The international charity Oxfam rented out President Trump’s childhood home in Queens, New York, letting four refugees stay for a weekend. The publicity stunt comes as the Trump administration’s temporary travel and refugee bans are about to expire.
The action was intended to put pressure on Trump, and other world leaders attending the UN General Assembly in New York City this week to admit more refugees, the charity said.
“Oxfam hosted refugees at President Trump’s childhood home to declare that all people, refugees included, have the right to a safe place to call home,” Shannon Scribner, the organization’s acting director for humanitarian programs, said in a press release.
The charity rented the house through Airbnb for the cost of $725 per night, and made it available to refugees from Somalia, Syria and Vietnam who were resettled in the US.
A video released by Oxfam shows the house filled with Trump memorabilia, including photos and figurines. The Trumps had moved out of the house when the future president was 4.

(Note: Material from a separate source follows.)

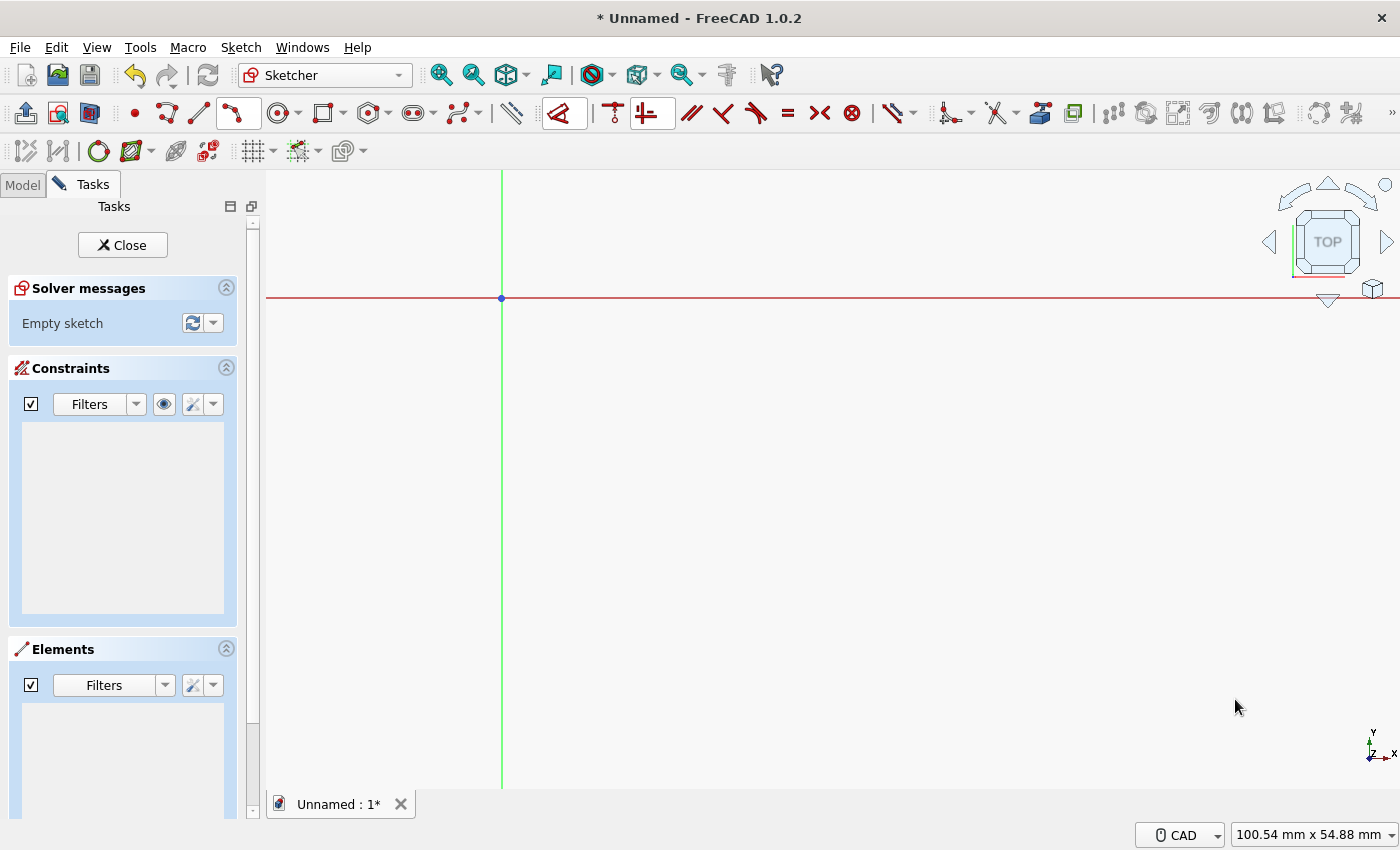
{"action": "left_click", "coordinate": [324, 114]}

“To me the American dream is having a safe and stable home, and being able to accomplish your goals and having those opportunities,” Eiman, a Somali refugee settled in North Carolina, says in the video. “And now it’s starting to feel threatened.”
Oxfam’s publicity stunt comes as the temporary travel ban on residents of six mainly Muslim countries - including Syria and Somalia - and refugees is set to expire on Sunday.
Although several federal courts have sought to stay the ban, the US Supreme Court allowed it to partially enter into effect until the nine justices can make an official ruling in the case.
The Trump administration has said the ban is critical to national security.
The Department of Homeland Security has completed a preliminary review of security procedures for travelers and refugees, and is expected to announce them on Friday.
Last week, Trump indicated his desire to implement an even stricter ban, following a bomb explosion in London’s subway system on September 15.
“The travel ban into the United States should be far larger, tougher and more specific – but stupidly, that would not be politically correct!” Trump wrote on Twitter.
As part of his speech before the UN General Assembly on Tuesday, Trump called for the US to approach refugee resettlement in a way that would allow refugees to return to their home countries and rebuild their lives.
“For the cost of resettling one refugee in the United States, we can assist more than 10 in their home region,” the US president said.
In his original executive order, issued a week after he took office in January, Trump barred people from Iraq, Iran, Syria, Yemen, Libya, Sudan and Somalia from entering the US for 90 days, halted refugee resettlement for 120 days, and indefinitely suspended the resettlement of Syrian refugees. The policy sparked nationwide protests.
Bowing to pushback from the courts, Trump issued a new order in March that modified the ban and dropped Iraq from the exclusion list.
In July, the United States hit the cap set by the White House of 50,000 refugees allowed into the country for the fiscal year 2017. That figure is 41 percent lower than the 85,000 cap set during Barack Obama's final year in office.